Report here (in German).

 


Comments (25)

  1. Ben says:

    On a related note about musicians not fulfilling their service but keeping their pay, Lang Bang Lang played “Rhapsody in Blue For 5 Hands” with 2 other pianists, himself contributing only one hand, last night with Philadelphia Orchestra @ Carnegie.

    1. Michael says:

      I listened to that on the air on WQXR, and did they ever destroy that music. And in no way do I mean that as a compliment. It was terrible. People still got suckered into applauding vigorously though.

      1. Olassus says:

        New Yorkers … . What can one say?

        1. NYMike says:

          Yes indeed, what can one say. Better to say nothing if you’re not here and know next to nothing about New Yorkers. BTW, New York offers as many concerts/day and more than most other cities. Culturally, New York ranks at the very top in venues and offerings. As a city, we are politically left of center with a 90% anti-Trump vote against our hometown idiot.

    2. Rgiarola says:

      Lang Lang actually is not his name, but the imaginary sound of the car racing he believes he is driving while he is over the piano. It’s just a kids game that he still insist to do, since he was 7 yrs old. Someone told he was so great on it oooppss

    3. Furzwängler says:

      One hand too many, perhaps?

    4. Petros Linardos says:

      Do you know for a fact whether Lang Lang received his full fee?

  2. William Osborne says:

    Generally speaking, when the Rechnungshof (something like the General Accounting Office in the US Federal government) gets involved with orchestras, they get it wrong. I’ve seen this time and again. They do not understand the organizational structures of orchestras and how the required personnel changes depending on repertoire. Sometime an orchestra will do a long stretch of Mozart thus giving the tubist little to do. The Rechnungshof then claims they should eliminate the tuba position. And sometimes only three horns are needed, not six. And the harpists aren’t always needed. The Rechnungshof then suggests that these positions be eliminated. This is, of course, absurd.

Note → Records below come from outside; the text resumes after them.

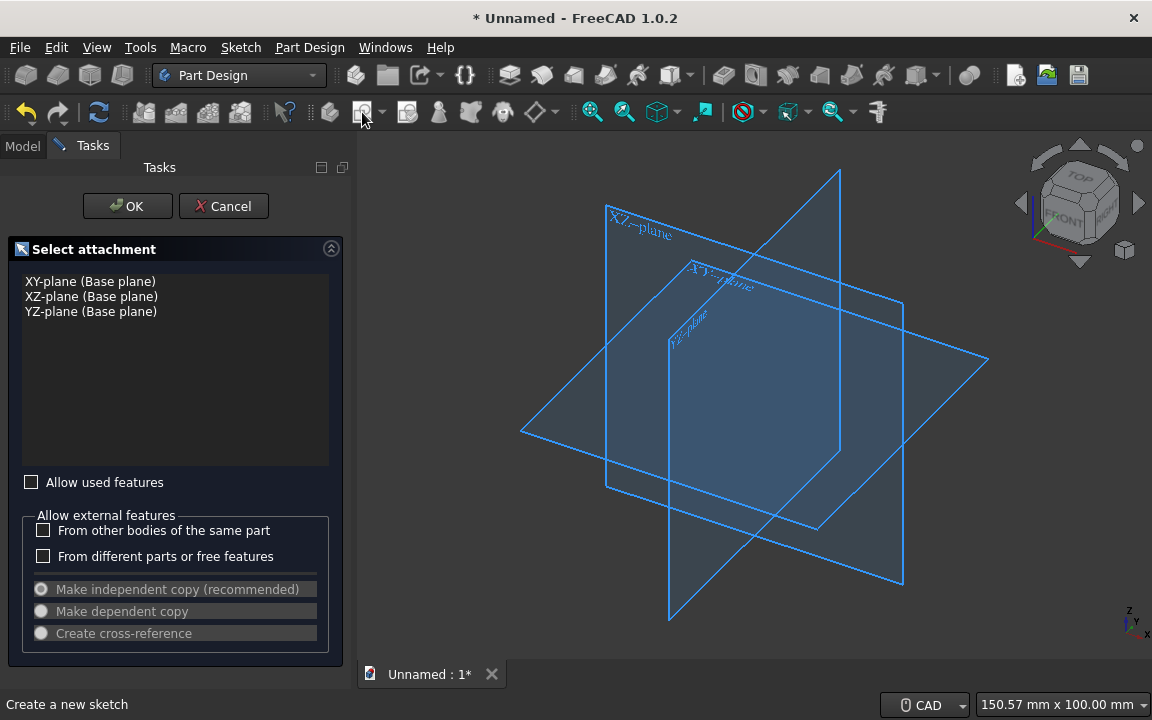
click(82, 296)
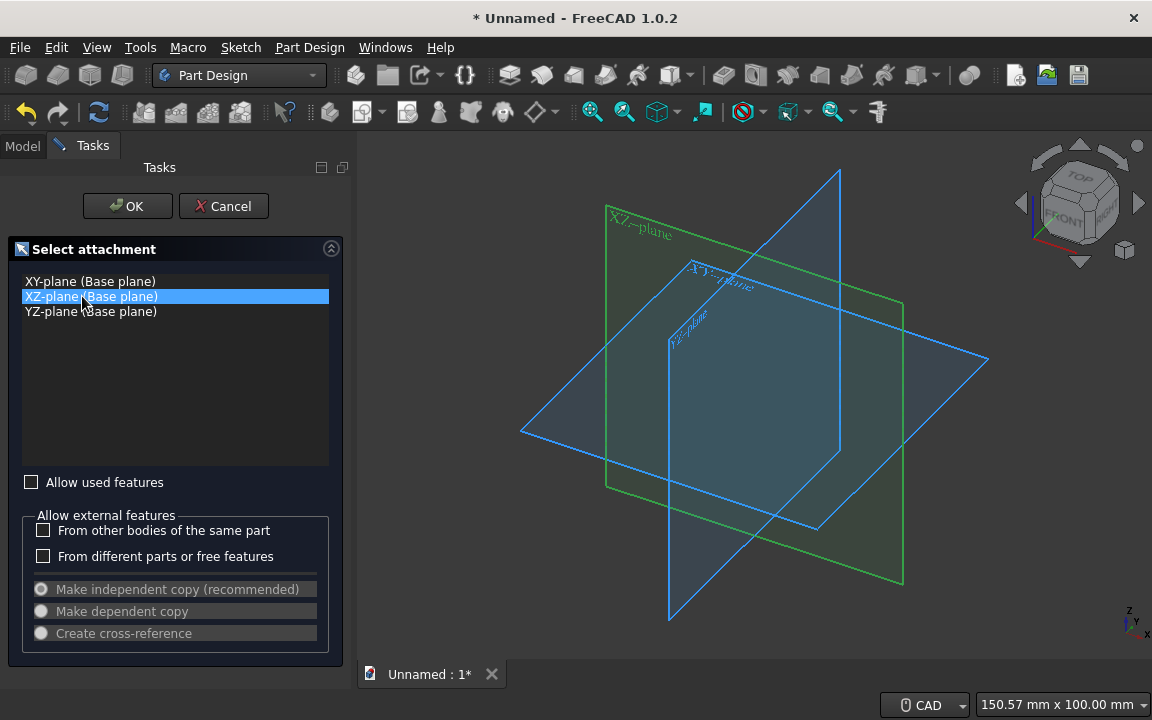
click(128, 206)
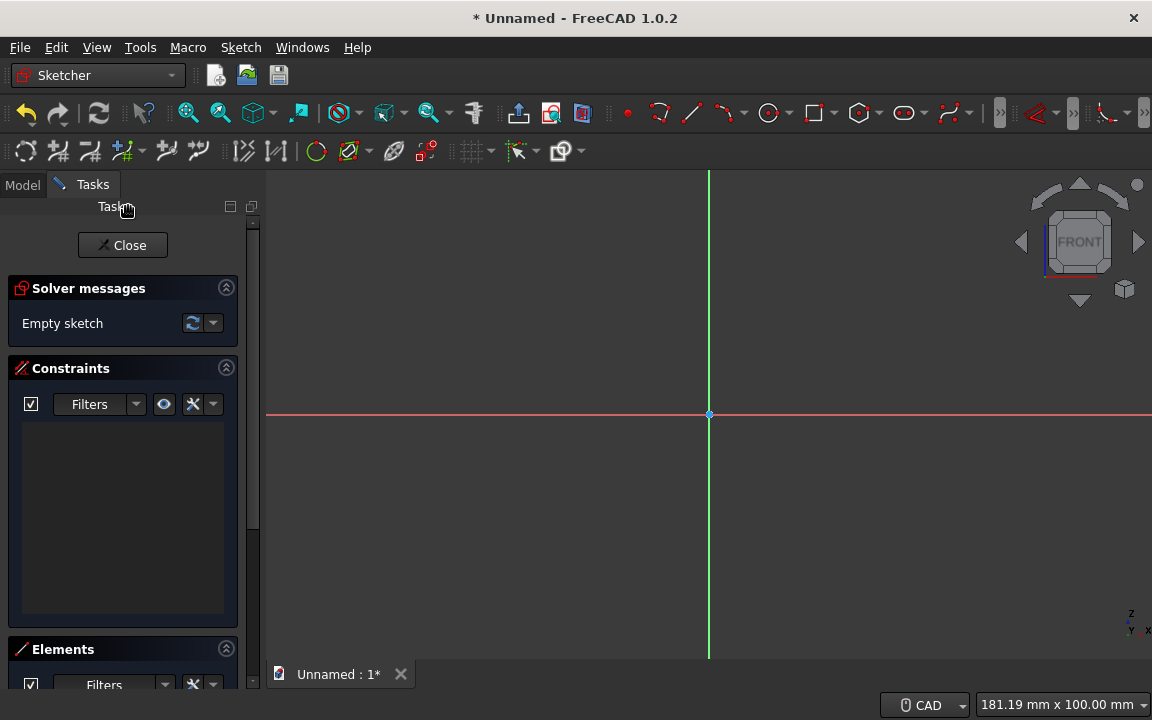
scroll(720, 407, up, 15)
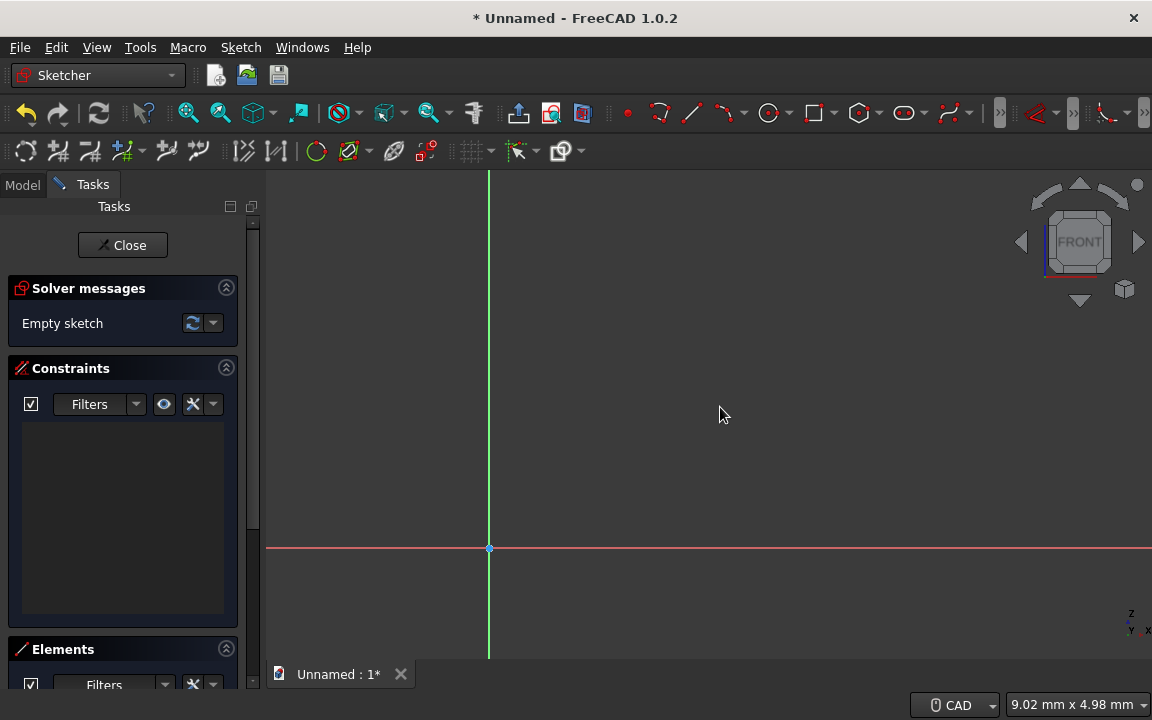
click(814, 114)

When a stretch of Bruckner comes along, they would be working with temp positions in the brass and quality would be seriously affected.

    Co-principal positions allow the best musicians to stay in top form because they have more time to practice. And Nebentätigkeit (extra work outside the orchestra) is an enormous plus for a city. The musicians enrich the atmosphere with chamber music and top level pedagogy. Quality art remains impervious to capitalistic efficiency.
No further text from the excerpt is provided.